===== Input data

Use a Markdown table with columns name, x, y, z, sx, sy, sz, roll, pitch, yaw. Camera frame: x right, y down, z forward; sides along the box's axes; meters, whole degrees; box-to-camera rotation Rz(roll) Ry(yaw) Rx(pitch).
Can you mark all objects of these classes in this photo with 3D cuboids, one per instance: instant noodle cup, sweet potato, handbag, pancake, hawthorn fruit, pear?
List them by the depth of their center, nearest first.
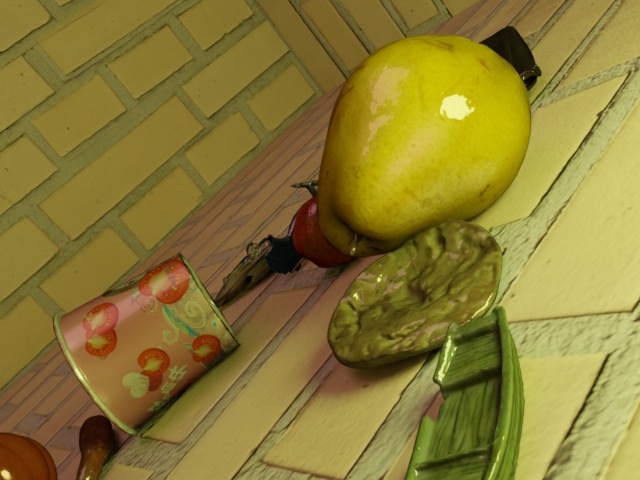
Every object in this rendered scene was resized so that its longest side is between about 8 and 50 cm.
| name | x | y | z | sx | sy | sz | roll | pitch | yaw |
| --- | --- | --- | --- | --- | --- | --- | --- | --- | --- |
| pancake | 0.118 | 0.071 | 0.884 | 0.242 | 0.050 | 0.242 | -32 | 24 | 16 |
| pear | 0.138 | -0.121 | 1.029 | 0.285 | 0.284 | 0.336 | -139 | 70 | -75 |
| instant noodle cup | -0.279 | 0.163 | 1.243 | 0.231 | 0.243 | 0.243 | -33 | 14 | -7 |
| hawthorn fruit | 0.009 | -0.013 | 1.246 | 0.140 | 0.125 | 0.125 | -39 | 12 | 39 |
| sweet potato | -0.383 | 0.348 | 1.255 | 0.078 | 0.058 | 0.255 | -55 | 17 | 4 |
| handbag | 0.274 | -0.274 | 1.407 | 0.285 | 0.113 | 0.257 | -26 | 24 | 18 |

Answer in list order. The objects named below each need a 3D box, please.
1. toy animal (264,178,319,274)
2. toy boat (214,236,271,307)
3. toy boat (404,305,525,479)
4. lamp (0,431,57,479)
| name | x | y | z | sx | sy | sz | roll | pitch | yaw |
| --- | --- | --- | --- | --- | --- | --- | --- | --- | --- |
| toy animal | -0.009 | -0.033 | 1.449 | 0.255 | 0.176 | 0.239 | -8 | 0 | -32 |
| toy boat | -0.155 | 0.072 | 1.521 | 0.210 | 0.066 | 0.084 | -45 | -20 | 12 |
| toy boat | 0.113 | 0.165 | 0.593 | 0.093 | 0.055 | 0.293 | -28 | 18 | 34 |
| lamp | -0.492 | 0.394 | 1.097 | 0.223 | 0.196 | 0.223 | -61 | -14 | -26 |
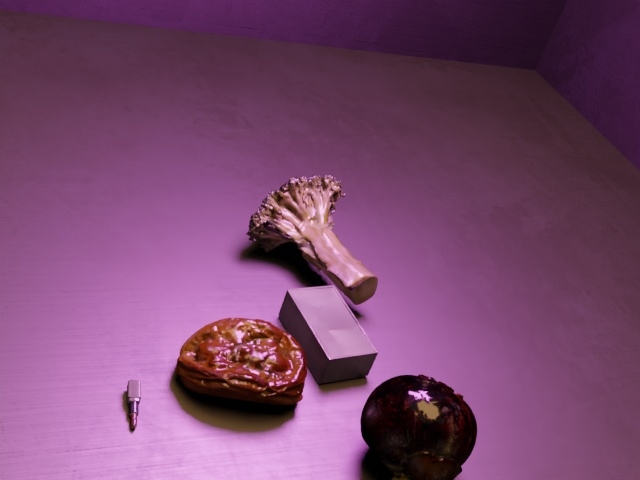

==========

▶ **Exercise prompt**
Repeat every line of the data word for word until you have repeated the line that contains "List them by", which is the last one to include.

▶ **Solved exercise**
Use a Markdown table with columns name, x, y, z, sx, sy, sz, roll, pitch, yaw. Camera frame: x right, y down, z forward; sides along the box's axes; meters, whole degrees; box-to-camera rotation Rz(roll) Ry(yaw) Rx(pitch).
Can you mark all objects of these classes in this photo with 3D cuboids, one per instance: instant noodle cup, sweet potato, handbag, pancake, hawthorn fruit, pear?
List them by the depth of their center, nearest first.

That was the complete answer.